*Dataset items*:
--------------------------------------------------

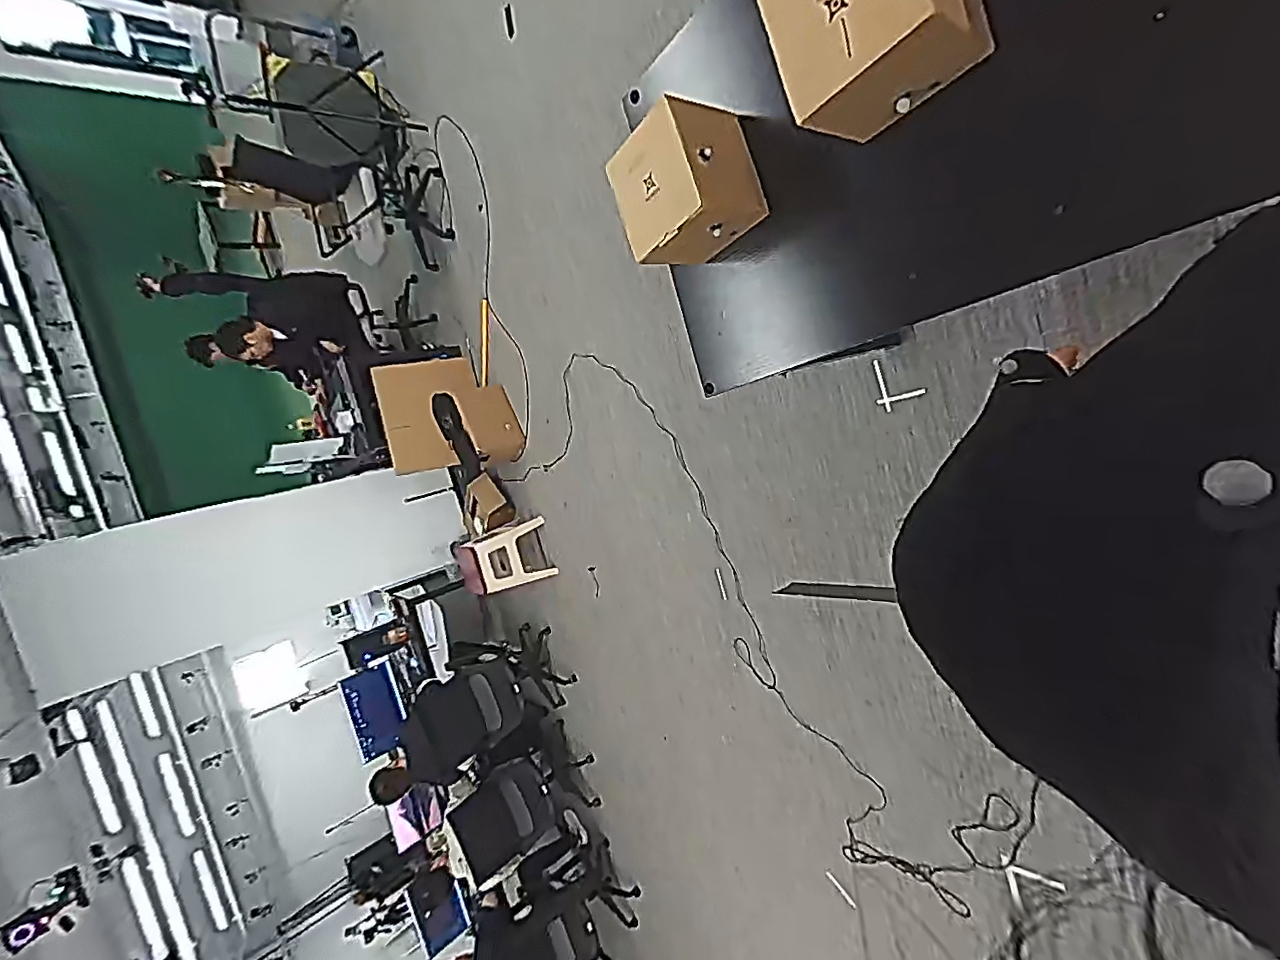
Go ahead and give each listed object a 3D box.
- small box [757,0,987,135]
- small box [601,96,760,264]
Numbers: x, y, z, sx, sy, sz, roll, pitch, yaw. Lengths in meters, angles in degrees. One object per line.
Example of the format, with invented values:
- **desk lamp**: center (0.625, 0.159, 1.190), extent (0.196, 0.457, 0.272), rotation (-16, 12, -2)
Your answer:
- **small box**: center (0.263, -0.534, 0.619), extent (0.168, 0.176, 0.179), rotation (-14, 95, 52)
- **small box**: center (0.070, -0.476, 0.883), extent (0.168, 0.176, 0.179), rotation (-19, 89, 51)

--------------------------------------------------

Please ensure that the data above is repeated exactly, with no pictures in the copy.

Go ahead and give each listed object a 3D box.
- small box [757,0,987,135]
- small box [601,96,760,264]
Numbers: x, y, z, sx, sy, sz, roll, pitch, yaw. Lengths in meters, angles in degrees. One object per line.
Example of the format, with invented values:
- **desk lamp**: center (0.625, 0.159, 1.190), extent (0.196, 0.457, 0.272), rotation (-16, 12, -2)
Your answer:
- **small box**: center (0.263, -0.534, 0.619), extent (0.168, 0.176, 0.179), rotation (-14, 95, 52)
- **small box**: center (0.070, -0.476, 0.883), extent (0.168, 0.176, 0.179), rotation (-19, 89, 51)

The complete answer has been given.